Mr. Piketty has now written “A Brief History of Inequality,” a new version of his “soak the rich” thesis that’s been shortened and simplified for the plebs. Earlier this month, he appeared on a New York Times “Ezra Klein Show” podcast to plug his new book.

The prime economic villain in Mr. Piketty’s worldview is wealth inequality, which he describes as the best indicator of opportunity and power. The absence of wealth reduces choice, forcing people “to accept any working condition at any wage.”

Yet, at the same time, he acknowledges that free-market economic policies have generated an “enormous rise in income per capita” that gave birth to an affluent middle class in the West. The people in the bottom half of the income spectrum “have a much better life than one century ago,” he concedes.
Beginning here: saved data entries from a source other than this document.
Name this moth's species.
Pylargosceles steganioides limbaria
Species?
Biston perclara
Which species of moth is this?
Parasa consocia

This 10-fold increase in broad-based prosperity isn’t enough to satisfy Mr. Piketty’s passion for leveling. What really matters, so he argues, is that vast amounts of wealth remain in the hands of a small socio-economic elite.

In Mr. Piketty’s view, this inequality of outcomes is so hardwired into our existing economic system that conventional policies of welfare state social democracy are mere analgesics rather than genuine cures. By way of alternative, he advocates “participatory socialism,” a suite of radical redistributionist policies guaranteed to please Senators Warren and Sanders.
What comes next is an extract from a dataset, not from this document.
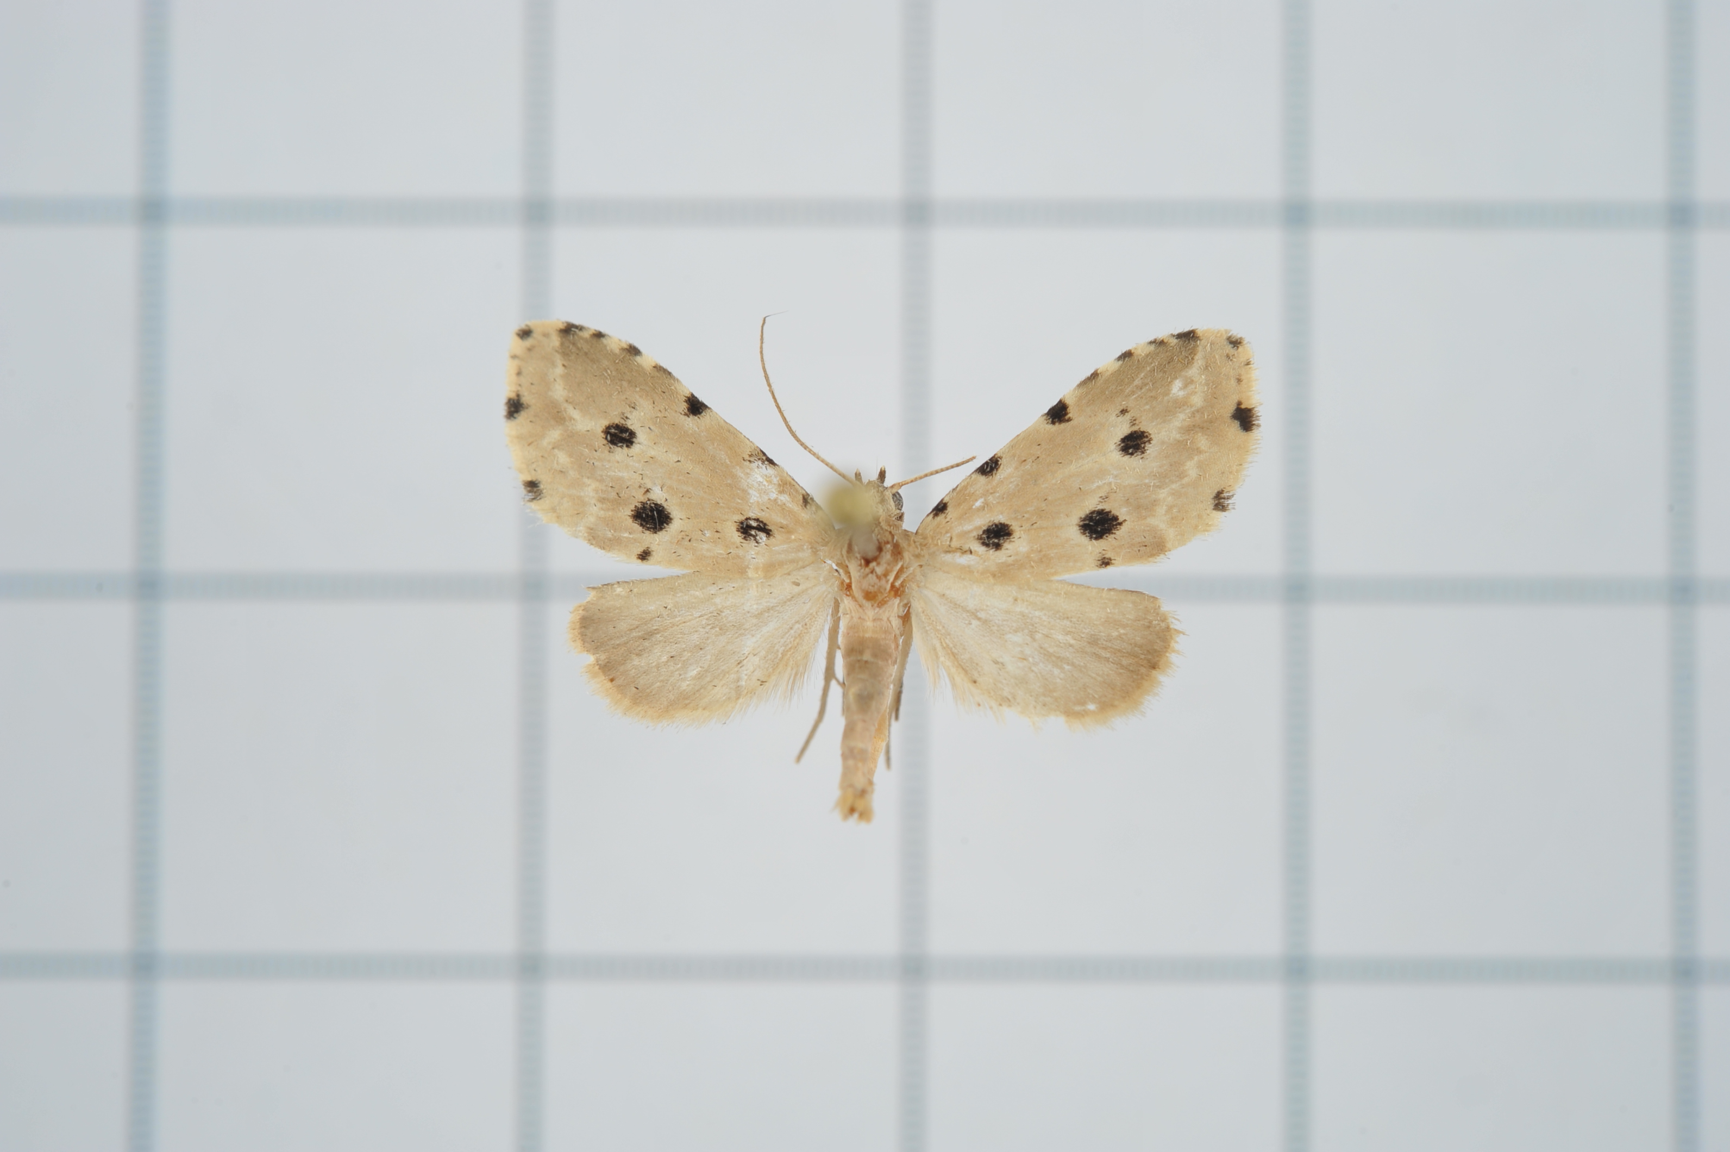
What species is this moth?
Metaemene atrigutta

The core of participatory socialism revolves around a grant of $150,000 to each person on his 25th birthday to be funded by a new tax on inheritance and wealth. In other words, Mr. Piketty has set his sights, not only on what you earn, but on what you own and bequeath to your children as well.
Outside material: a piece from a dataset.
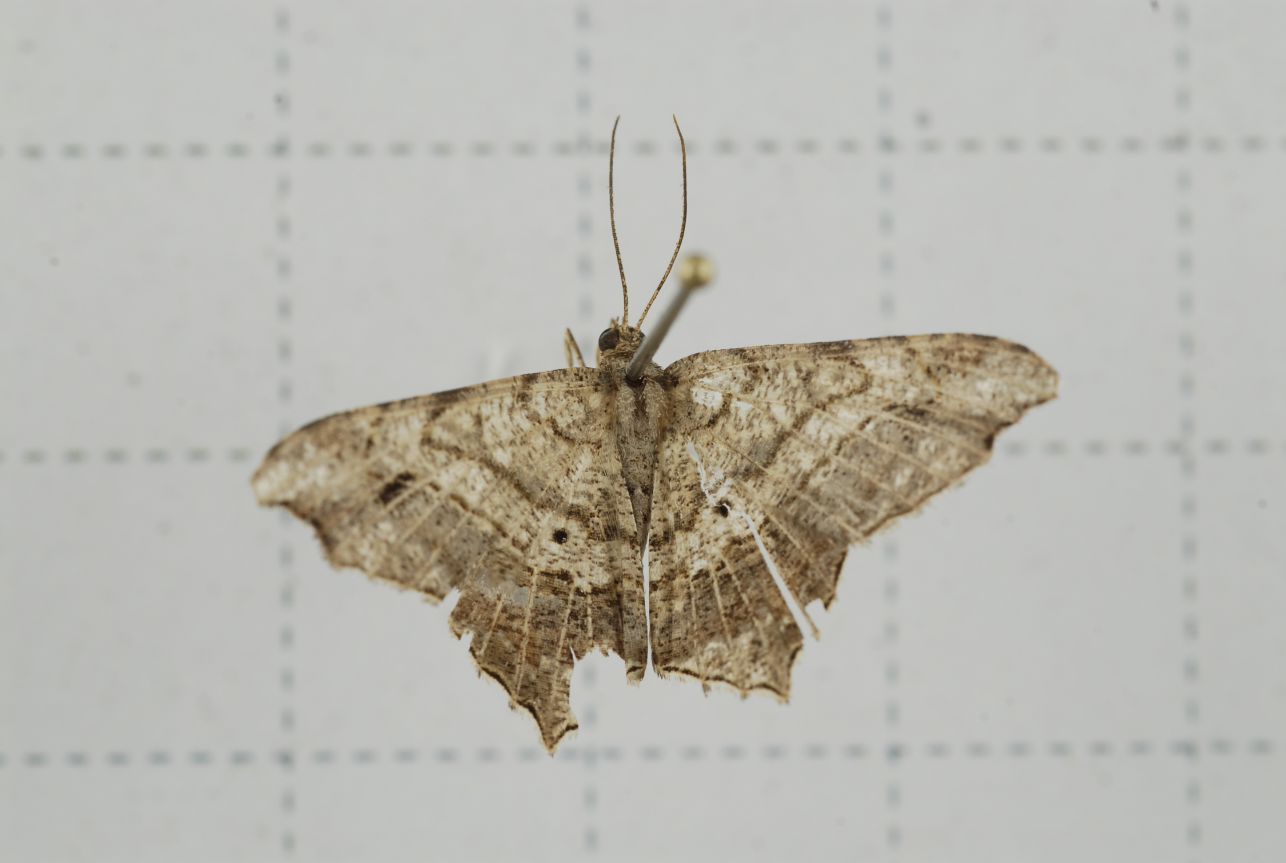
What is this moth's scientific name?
Chiasmia emersaria

Like many leftists, he rejects the argument that his new tax regime would strangle economic growth, pointing to America’s burgeoning post-World War II prosperity despite a top marginal rate of 91 percent. Yet, Mr. Piketty is oblivious to the reality that those three golden decades following 1945 were a historical anomaly rather than a model that can be emulated.

With its industrial base untouched by the world’s most destructive conflict, America could get away with economic inefficiency while the nations of Europe and Asia were digging their way out of the rubble.

Mr. Piketty is quick with reassurances that complete equality is not the objective of his participatory socialist system. An income gap of “one to 10 or even one to 5 is probably sufficient to get the right incentives,” he declares.

Thank you, comrade, but history teaches that such theoretical guarantees guarantee absolutely nothing. When President Taft first proposed what would become the 16th amendment authorizing the federal income tax, he suggested that a corporate rate of two percent would suffice.

The federal corporate tax rate is now 21 percent, reflecting the verity that elected officials love to purchase popularity with other peoples’ money — money seized through the coercive power of government.

From the ivory tower of the Paris School of Economics, it’s easy for Mr. Piketty to maintain a naïveté about the consequences of his proposals. He is free to hypothesize about a perfect balance between taxes and personal wealth. Meanwhile, here in the real world, things are messier, blurrier, and far more subject to human error.

At the end of the podcast, Mr. Piketty mentions three books that have influenced his worldview. He fails to list Friedrich Hayek, who, in “Fatal Conceit: The Errors of Socialism,” wrote: “The curious task of economics is to demonstrate to men how little they really know about what they imagine they can design.”